Не повезло им сегодня. Свалилась на них ревизия из центра, из Самого Главного Министерства, и Игнацио осторожно, как люльку с младенцем, толкая тележку с швабрами, тряпками, порошками и прочими нехитрыми атрибутами своей профессии, побыстрее свернул за угол. От греха подальше. Смотреть за гизармами да аркебузами было не его заботой, тут он был спокоен, а вот за паутину можно было и схлопотать. Как этот чинуша ее только углядел? Четыре метра без малого в самом мамонте, да еще подставка с полметра. Глазастого инспектора прислали, даром что в очках.
Да, его правда, была там паутинка, и паук был - маленький и безобидный, бархатный. А вот вшей не было. Поклеп настоящий.
Паучок спускался иногда на длинной ниточке из своего высокого дома на грешную землю, и болтали восьминогий и Игнацио обо всем помаленьку.
Уж почти два месяца как они дружили. Пятьдесят четыре дня, если быть точным, с шестнадцатого марта. Повезло тогда восьминогому. Вылизывал, вычищал все уголки тогда Игнацио накануне праздника и случайно заметил паучью ловушку, растянувшуюся между сломанным левым бивнем и хоботом слоновьего предка. Каких мух навострился ловить там паук - только бог ведает, но тенета наладил - и спираль, и растяжки, все как положено. Попытался Игнацио было убрать паутинку оттуда, но швабра - даже с выдвинутой ручкой - не достала до головы могучего зверя, а ни лесенки, ни стула никакого на глаза не попалось. Не идти же за ними в лабораторию, или похлеще того - в другой корпус. Оглядел Игнацио зал, вздохнул, да и пошел дальше. Решил - как-нибудь в следующий раз сниму, пусть пока висит паутинка - высоко и укромно. Никому не мешает, да и мамонт жалоб не подавал.
И забыл о ней Игнацио до вечера. С кем не бывает? Под полночь же пришел он, усталый, к мамонту поужинать. Любил он, когда получалось, ужинать посреди экспозиции, хоть и запрещалось это строгими правилами, спущенными из Самого Главного Министерства. Но пьянок-гулянок он не устраивал, за собой всегда убирал, на глаза случайным посетителям не попадался - вот и не обращал внимания никто на такие мелкие проступки.

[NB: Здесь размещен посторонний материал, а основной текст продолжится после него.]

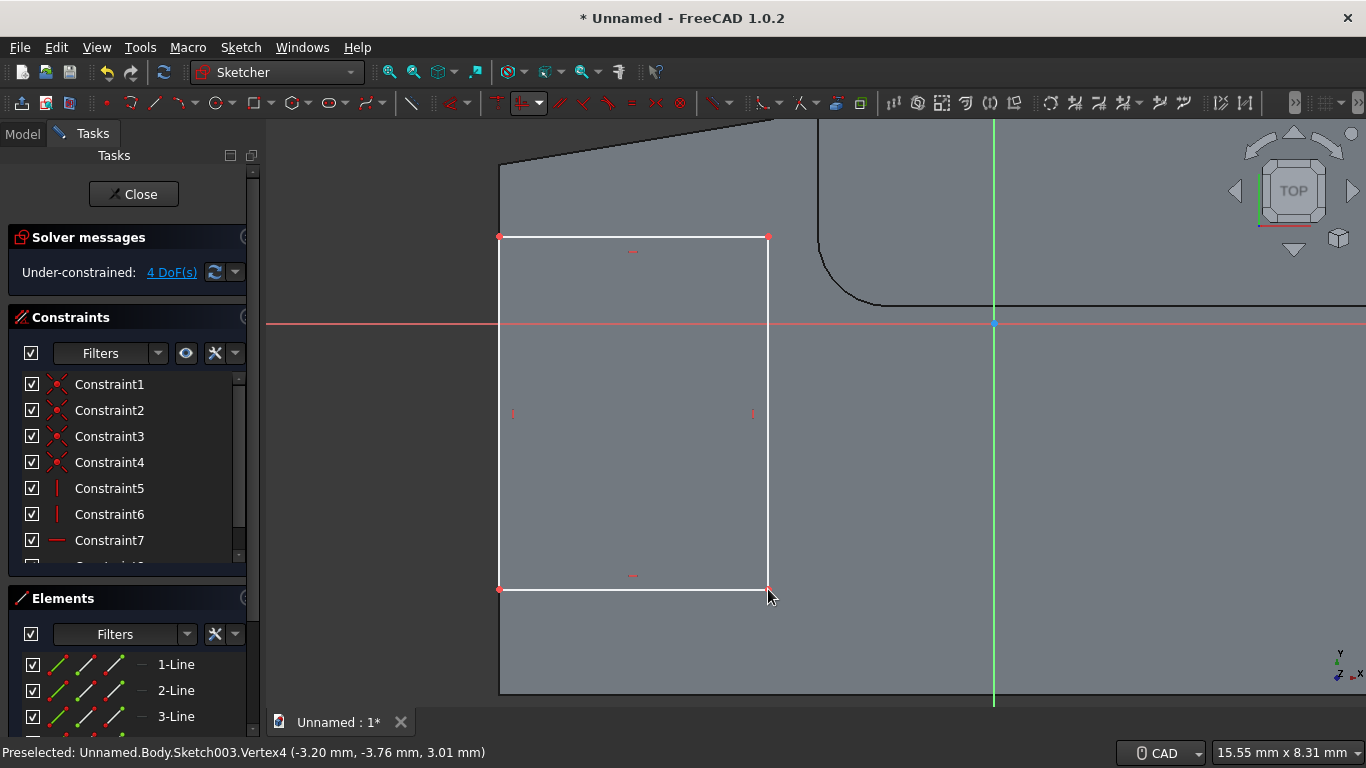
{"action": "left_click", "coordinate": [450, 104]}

Хорошо вечером в музее. Свет притушенный - две трети ламп после восьми отключают. Тихо - только вполголоса ворчит кондиционер.
Слева - оружие, холодное и огнестрельное. Всякие алебарды да митральезы, франциски да кольты, даже мортира ржавая есть - одна штука, справа - доспехи да форма разная. А в середине - мамонт. Кто и зачем поставил его посреди оружейного зала - не известно, история музея об этом умалчивает, у нее свои секреты. Честно говоря, у мамонта даже инвентарного номера не было, а сделать его без приходной ведомости, накладной, трех сертификатов - происхождения, гигиенического и соответствия, было нельзя. Но ведь не вытаскивать же его наружу, чтобы выбросить, правда? Для этого потребовалось бы стену ломать, или мамонта раскатать по косточкам. Только кто ж его обратно собирать будет - такое чудо-то? Никто не будет. Вот и устроился мамонт в музее и неплохо себя чувствовал.

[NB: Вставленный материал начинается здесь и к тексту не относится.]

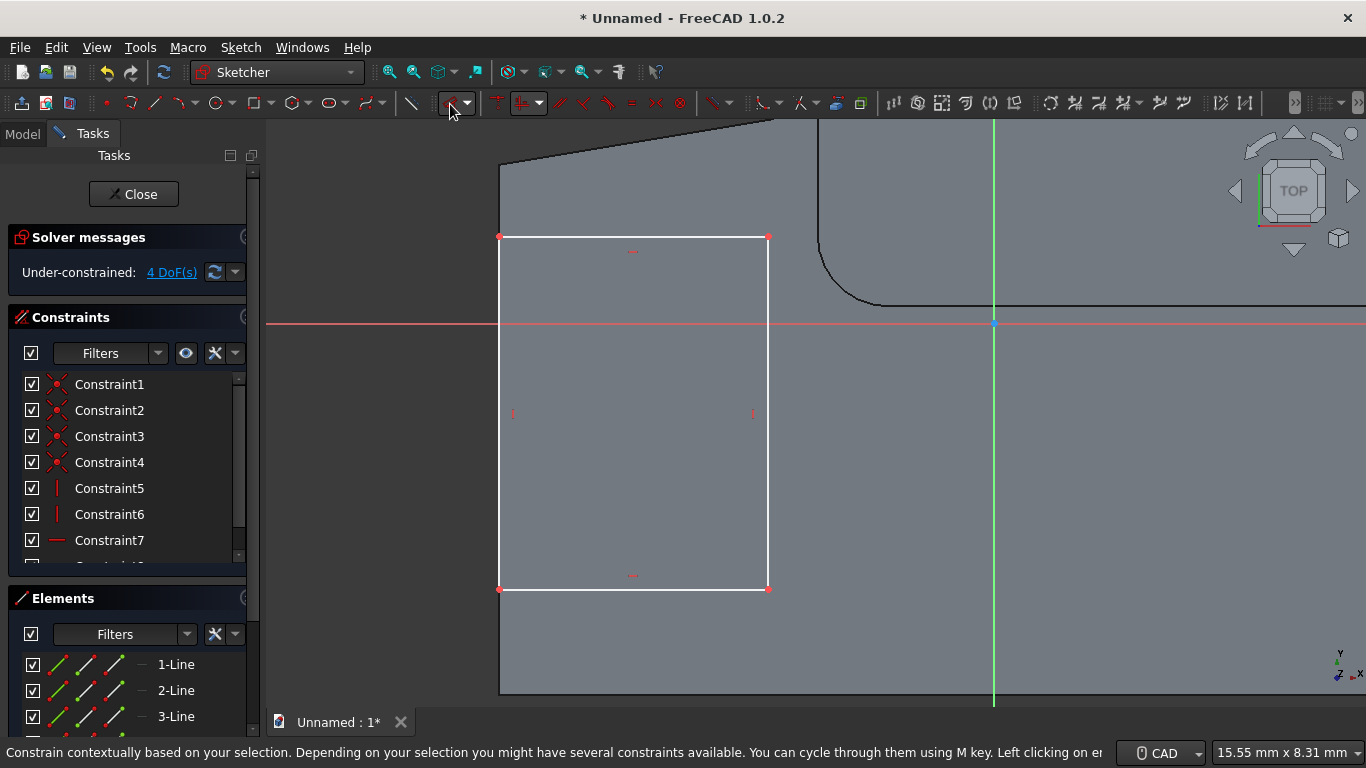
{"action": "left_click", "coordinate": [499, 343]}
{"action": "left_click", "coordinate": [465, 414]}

Ужинать Игнацио усаживался обычно между передних ног мамонта, прямо под головой чучела, раскладывал по искусственным мхам постамента пластиковые тарелки, открывал бутылочку 'Гиннесса' и было ему так хорошо, что забывал он о работе в музее уборщиком, и отправлялся в далекий путь по морям мечтаний.

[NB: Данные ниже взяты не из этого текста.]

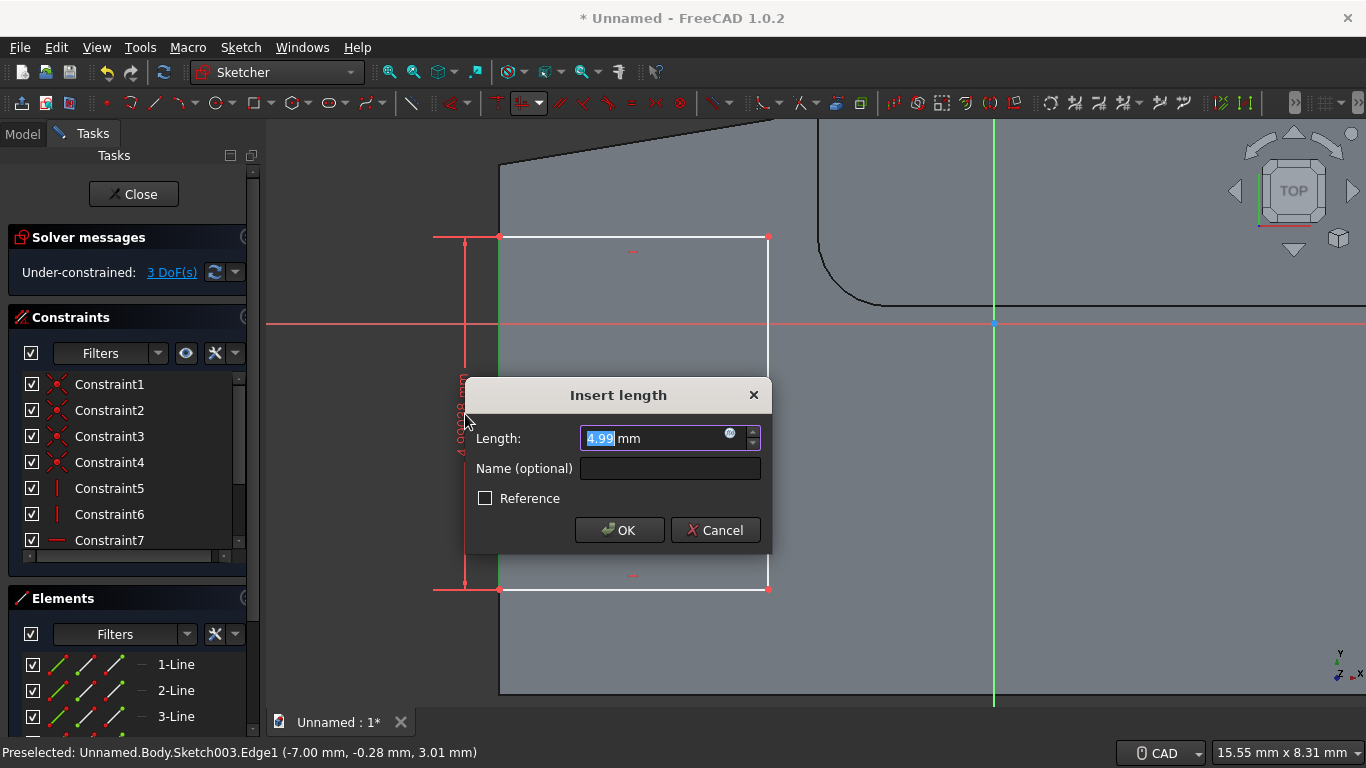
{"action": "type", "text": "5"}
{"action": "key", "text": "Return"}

Но в ночь с шестнадцатого на семнадцатое не успел он уплыть далеко, так как увидел у себя перед носом паучка на ниточке. Не закричал и не испугался Игнацио - чего бояться букашки размером с медную монетку из нумизматического зала, но затаил дыхание, а потом шумно выдохнул. Паутинка затрепыхалась, задрожала, грозя оборваться, и восьминогий, цепко хватаясь за нее, заторопился наверх.
- Ты чего? - возмущенно заверещал он. Тихо-тихо прошелестел. Но Игнацио услышал его и не удивился. Какая мелочь - говорящий паук.
- Подожди. Я буду дышать потише. Но и ты говори громче.
- Я постараюсь, - паучок снова спустился, перевернулся вниз головой, зацепился задними лапками за нить и протянул Игнацио две правые лапки. - Привет, я - Аррон ап Тро.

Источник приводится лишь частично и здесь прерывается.